Could you copy every line in the listing below that has the word "label"?

++++ Dataset extract

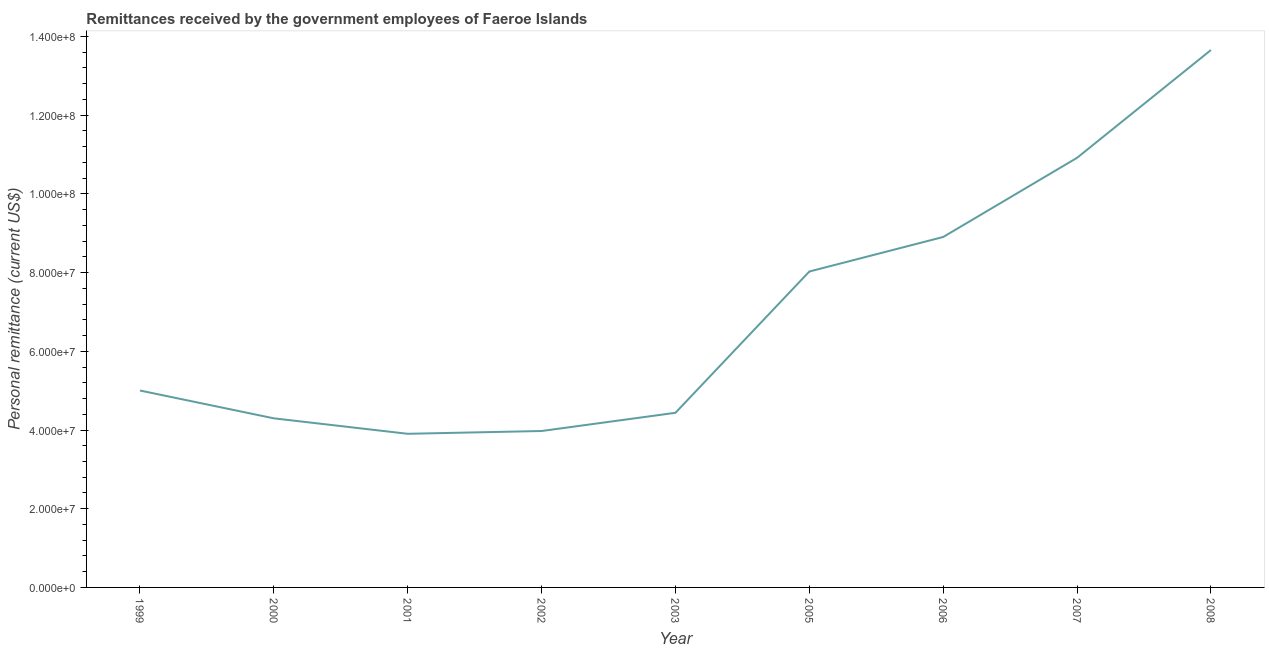What is the personal remittances in 2006?
Offer a terse response. 8.91e+07. Across all years, what is the maximum personal remittances?
Give a very brief answer. 1.37e+08. Across all years, what is the minimum personal remittances?
Your answer should be compact. 3.90e+07. In which year was the personal remittances maximum?
Offer a terse response. 2008. In which year was the personal remittances minimum?
Provide a short and direct response. 2001. What is the sum of the personal remittances?
Provide a succinct answer. 6.31e+08. What is the difference between the personal remittances in 2001 and 2006?
Offer a terse response. -5.00e+07. What is the average personal remittances per year?
Offer a terse response. 7.01e+07. What is the median personal remittances?
Provide a short and direct response. 5.00e+07. Do a majority of the years between 2001 and 2002 (inclusive) have personal remittances greater than 32000000 US$?
Your answer should be very brief. Yes. What is the ratio of the personal remittances in 2001 to that in 2002?
Make the answer very short. 0.98. What is the difference between the highest and the second highest personal remittances?
Offer a terse response. 2.74e+07. Is the sum of the personal remittances in 2003 and 2007 greater than the maximum personal remittances across all years?
Your response must be concise. Yes. What is the difference between the highest and the lowest personal remittances?
Offer a terse response. 9.75e+07. In how many years, is the personal remittances greater than the average personal remittances taken over all years?
Offer a terse response. 4. Are the values on the major ticks of Y-axis written in scientific E-notation?
Your response must be concise. Yes. Does the graph contain grids?
Keep it short and to the point. No. What is the title of the graph?
Your response must be concise. Remittances received by the government employees of Faeroe Islands. What is the label or title of the X-axis?
Your answer should be very brief. Year. What is the label or title of the Y-axis?
Offer a terse response. Personal remittance (current US$). What is the Personal remittance (current US$) in 1999?
Make the answer very short. 5.00e+07. What is the Personal remittance (current US$) in 2000?
Offer a very short reply. 4.30e+07. What is the Personal remittance (current US$) in 2001?
Offer a very short reply. 3.90e+07. What is the Personal remittance (current US$) in 2002?
Ensure brevity in your answer.  3.98e+07. What is the Personal remittance (current US$) of 2003?
Your answer should be very brief. 4.44e+07. What is the Personal remittance (current US$) in 2005?
Keep it short and to the point. 8.03e+07. What is the Personal remittance (current US$) in 2006?
Your response must be concise. 8.91e+07. What is the Personal remittance (current US$) of 2007?
Keep it short and to the point. 1.09e+08. What is the Personal remittance (current US$) of 2008?
Provide a succinct answer. 1.37e+08. What is the difference between the Personal remittance (current US$) in 1999 and 2000?
Offer a terse response. 7.07e+06. What is the difference between the Personal remittance (current US$) in 1999 and 2001?
Offer a very short reply. 1.10e+07. What is the difference between the Personal remittance (current US$) in 1999 and 2002?
Your answer should be very brief. 1.03e+07. What is the difference between the Personal remittance (current US$) in 1999 and 2003?
Keep it short and to the point. 5.66e+06. What is the difference between the Personal remittance (current US$) in 1999 and 2005?
Your answer should be very brief. -3.02e+07. What is the difference between the Personal remittance (current US$) in 1999 and 2006?
Provide a succinct answer. -3.90e+07. What is the difference between the Personal remittance (current US$) in 1999 and 2007?
Provide a short and direct response. -5.91e+07. What is the difference between the Personal remittance (current US$) in 1999 and 2008?
Give a very brief answer. -8.65e+07. What is the difference between the Personal remittance (current US$) in 2000 and 2001?
Ensure brevity in your answer.  3.93e+06. What is the difference between the Personal remittance (current US$) in 2000 and 2002?
Give a very brief answer. 3.22e+06. What is the difference between the Personal remittance (current US$) in 2000 and 2003?
Your response must be concise. -1.41e+06. What is the difference between the Personal remittance (current US$) in 2000 and 2005?
Your answer should be very brief. -3.73e+07. What is the difference between the Personal remittance (current US$) in 2000 and 2006?
Ensure brevity in your answer.  -4.61e+07. What is the difference between the Personal remittance (current US$) in 2000 and 2007?
Offer a terse response. -6.62e+07. What is the difference between the Personal remittance (current US$) in 2000 and 2008?
Offer a terse response. -9.36e+07. What is the difference between the Personal remittance (current US$) in 2001 and 2002?
Your response must be concise. -7.10e+05. What is the difference between the Personal remittance (current US$) in 2001 and 2003?
Your answer should be compact. -5.34e+06. What is the difference between the Personal remittance (current US$) in 2001 and 2005?
Keep it short and to the point. -4.12e+07. What is the difference between the Personal remittance (current US$) in 2001 and 2006?
Your response must be concise. -5.00e+07. What is the difference between the Personal remittance (current US$) in 2001 and 2007?
Your answer should be compact. -7.01e+07. What is the difference between the Personal remittance (current US$) in 2001 and 2008?
Offer a very short reply. -9.75e+07. What is the difference between the Personal remittance (current US$) in 2002 and 2003?
Provide a succinct answer. -4.63e+06. What is the difference between the Personal remittance (current US$) in 2002 and 2005?
Provide a succinct answer. -4.05e+07. What is the difference between the Personal remittance (current US$) in 2002 and 2006?
Offer a terse response. -4.93e+07. What is the difference between the Personal remittance (current US$) in 2002 and 2007?
Give a very brief answer. -6.94e+07. What is the difference between the Personal remittance (current US$) in 2002 and 2008?
Offer a very short reply. -9.68e+07. What is the difference between the Personal remittance (current US$) in 2003 and 2005?
Offer a terse response. -3.59e+07. What is the difference between the Personal remittance (current US$) in 2003 and 2006?
Your answer should be compact. -4.47e+07. What is the difference between the Personal remittance (current US$) in 2003 and 2007?
Your answer should be compact. -6.48e+07. What is the difference between the Personal remittance (current US$) in 2003 and 2008?
Make the answer very short. -9.22e+07. What is the difference between the Personal remittance (current US$) in 2005 and 2006?
Keep it short and to the point. -8.77e+06. What is the difference between the Personal remittance (current US$) in 2005 and 2007?
Your answer should be compact. -2.89e+07. What is the difference between the Personal remittance (current US$) in 2005 and 2008?
Offer a terse response. -5.63e+07. What is the difference between the Personal remittance (current US$) in 2006 and 2007?
Offer a terse response. -2.01e+07. What is the difference between the Personal remittance (current US$) in 2006 and 2008?
Offer a terse response. -4.75e+07. What is the difference between the Personal remittance (current US$) in 2007 and 2008?
Your answer should be very brief. -2.74e+07. What is the ratio of the Personal remittance (current US$) in 1999 to that in 2000?
Your answer should be compact. 1.17. What is the ratio of the Personal remittance (current US$) in 1999 to that in 2001?
Ensure brevity in your answer.  1.28. What is the ratio of the Personal remittance (current US$) in 1999 to that in 2002?
Keep it short and to the point. 1.26. What is the ratio of the Personal remittance (current US$) in 1999 to that in 2003?
Give a very brief answer. 1.13. What is the ratio of the Personal remittance (current US$) in 1999 to that in 2005?
Your answer should be very brief. 0.62. What is the ratio of the Personal remittance (current US$) in 1999 to that in 2006?
Your answer should be very brief. 0.56. What is the ratio of the Personal remittance (current US$) in 1999 to that in 2007?
Provide a succinct answer. 0.46. What is the ratio of the Personal remittance (current US$) in 1999 to that in 2008?
Your answer should be compact. 0.37. What is the ratio of the Personal remittance (current US$) in 2000 to that in 2001?
Ensure brevity in your answer.  1.1. What is the ratio of the Personal remittance (current US$) in 2000 to that in 2002?
Provide a succinct answer. 1.08. What is the ratio of the Personal remittance (current US$) in 2000 to that in 2003?
Ensure brevity in your answer.  0.97. What is the ratio of the Personal remittance (current US$) in 2000 to that in 2005?
Offer a very short reply. 0.54. What is the ratio of the Personal remittance (current US$) in 2000 to that in 2006?
Offer a very short reply. 0.48. What is the ratio of the Personal remittance (current US$) in 2000 to that in 2007?
Provide a succinct answer. 0.39. What is the ratio of the Personal remittance (current US$) in 2000 to that in 2008?
Offer a terse response. 0.32. What is the ratio of the Personal remittance (current US$) in 2001 to that in 2003?
Provide a short and direct response. 0.88. What is the ratio of the Personal remittance (current US$) in 2001 to that in 2005?
Make the answer very short. 0.49. What is the ratio of the Personal remittance (current US$) in 2001 to that in 2006?
Your answer should be very brief. 0.44. What is the ratio of the Personal remittance (current US$) in 2001 to that in 2007?
Offer a very short reply. 0.36. What is the ratio of the Personal remittance (current US$) in 2001 to that in 2008?
Offer a very short reply. 0.29. What is the ratio of the Personal remittance (current US$) in 2002 to that in 2003?
Provide a succinct answer. 0.9. What is the ratio of the Personal remittance (current US$) in 2002 to that in 2005?
Offer a very short reply. 0.49. What is the ratio of the Personal remittance (current US$) in 2002 to that in 2006?
Make the answer very short. 0.45. What is the ratio of the Personal remittance (current US$) in 2002 to that in 2007?
Keep it short and to the point. 0.36. What is the ratio of the Personal remittance (current US$) in 2002 to that in 2008?
Give a very brief answer. 0.29. What is the ratio of the Personal remittance (current US$) in 2003 to that in 2005?
Keep it short and to the point. 0.55. What is the ratio of the Personal remittance (current US$) in 2003 to that in 2006?
Offer a terse response. 0.5. What is the ratio of the Personal remittance (current US$) in 2003 to that in 2007?
Your response must be concise. 0.41. What is the ratio of the Personal remittance (current US$) in 2003 to that in 2008?
Offer a very short reply. 0.33. What is the ratio of the Personal remittance (current US$) in 2005 to that in 2006?
Make the answer very short. 0.9. What is the ratio of the Personal remittance (current US$) in 2005 to that in 2007?
Offer a very short reply. 0.73. What is the ratio of the Personal remittance (current US$) in 2005 to that in 2008?
Offer a very short reply. 0.59. What is the ratio of the Personal remittance (current US$) in 2006 to that in 2007?
Your answer should be very brief. 0.82. What is the ratio of the Personal remittance (current US$) in 2006 to that in 2008?
Provide a short and direct response. 0.65. What is the ratio of the Personal remittance (current US$) in 2007 to that in 2008?
Ensure brevity in your answer.  0.8.

++++++++

Finished exercise:
Your response must be concise. Remittances received by the government employees of Faeroe Islands. What is the label or title of the X-axis?
Your answer should be very brief. Year. What is the label or title of the Y-axis?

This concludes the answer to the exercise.